### Available data
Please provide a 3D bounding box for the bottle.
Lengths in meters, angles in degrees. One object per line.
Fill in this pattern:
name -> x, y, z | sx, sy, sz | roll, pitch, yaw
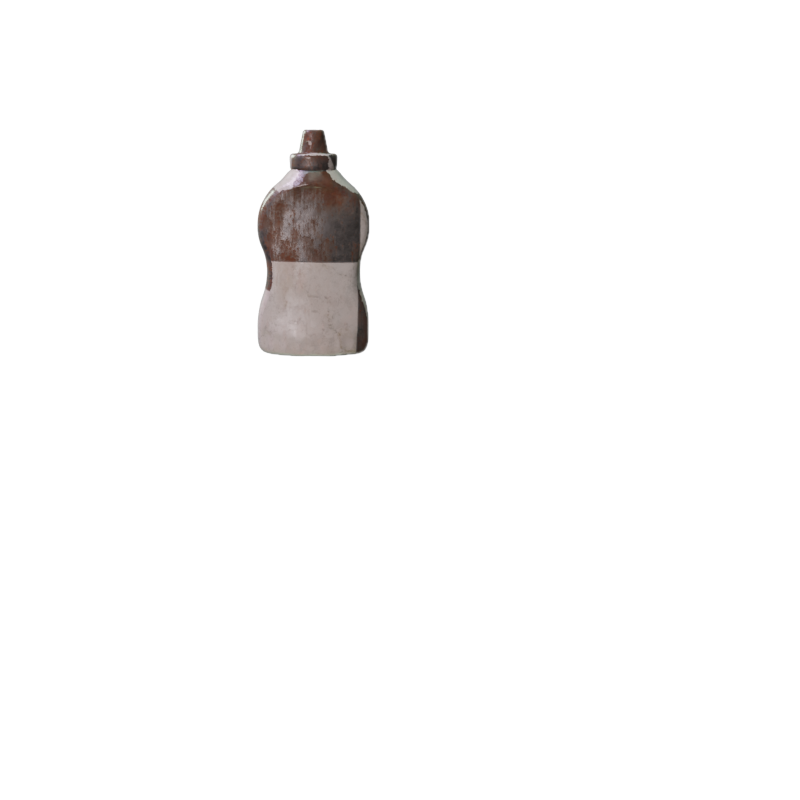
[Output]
bottle -> -0.075, -0.136, 0.955 | 0.096, 0.188, 0.059 | 1, 7, 1
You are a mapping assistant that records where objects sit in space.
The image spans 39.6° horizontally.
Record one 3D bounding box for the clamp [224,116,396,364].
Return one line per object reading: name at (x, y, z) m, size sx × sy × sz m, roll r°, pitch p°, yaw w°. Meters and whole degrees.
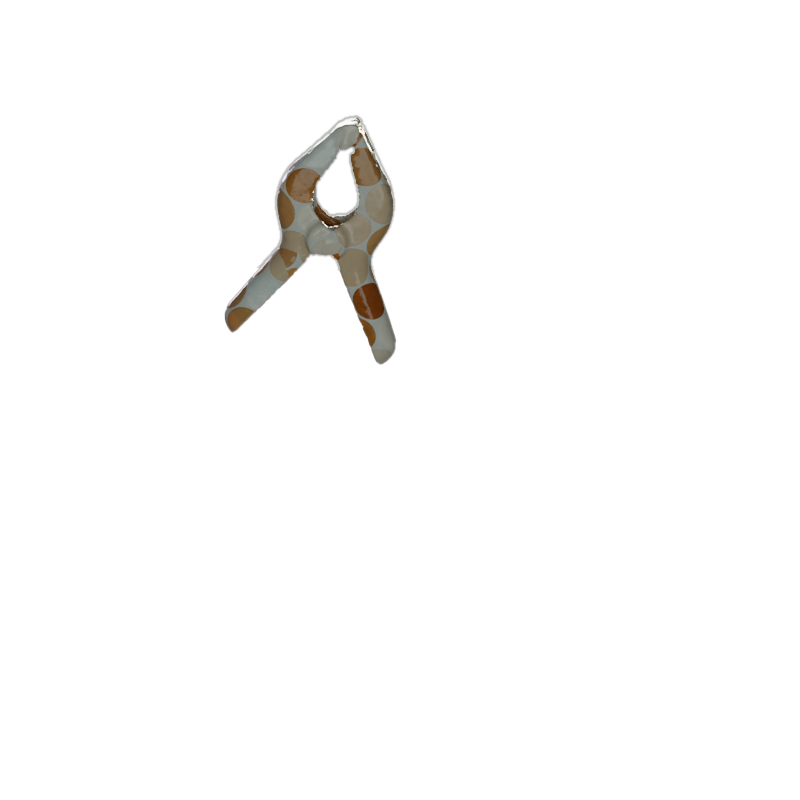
clamp at (-0.059, -0.108, 0.755) m, size 0.120 × 0.165 × 0.041 m, roll 3°, pitch 16°, yaw -1°

### What is needed
Apart from the pictures, all of the data must be duplicated exactly as shown above.

### Written answer
Please provide a 3D bounding box for the bottle.
Lengths in meters, angles in degrees. One object per line.
Fill in this pattern:
name -> x, y, z | sx, sy, sz | roll, pitch, yaw
[Output]
bottle -> -0.075, -0.136, 0.955 | 0.096, 0.188, 0.059 | 1, 7, 1
You are a mapping assistant that records where objects sit in space.
The image spans 39.6° horizontally.
Record one 3D bounding box for the clamp [224,116,396,364].
Return one line per object reading: name at (x, y, z) m, size sx × sy × sz m, roll r°, pitch p°, yaw w°. Meters and whole degrees.
clamp at (-0.059, -0.108, 0.755) m, size 0.120 × 0.165 × 0.041 m, roll 3°, pitch 16°, yaw -1°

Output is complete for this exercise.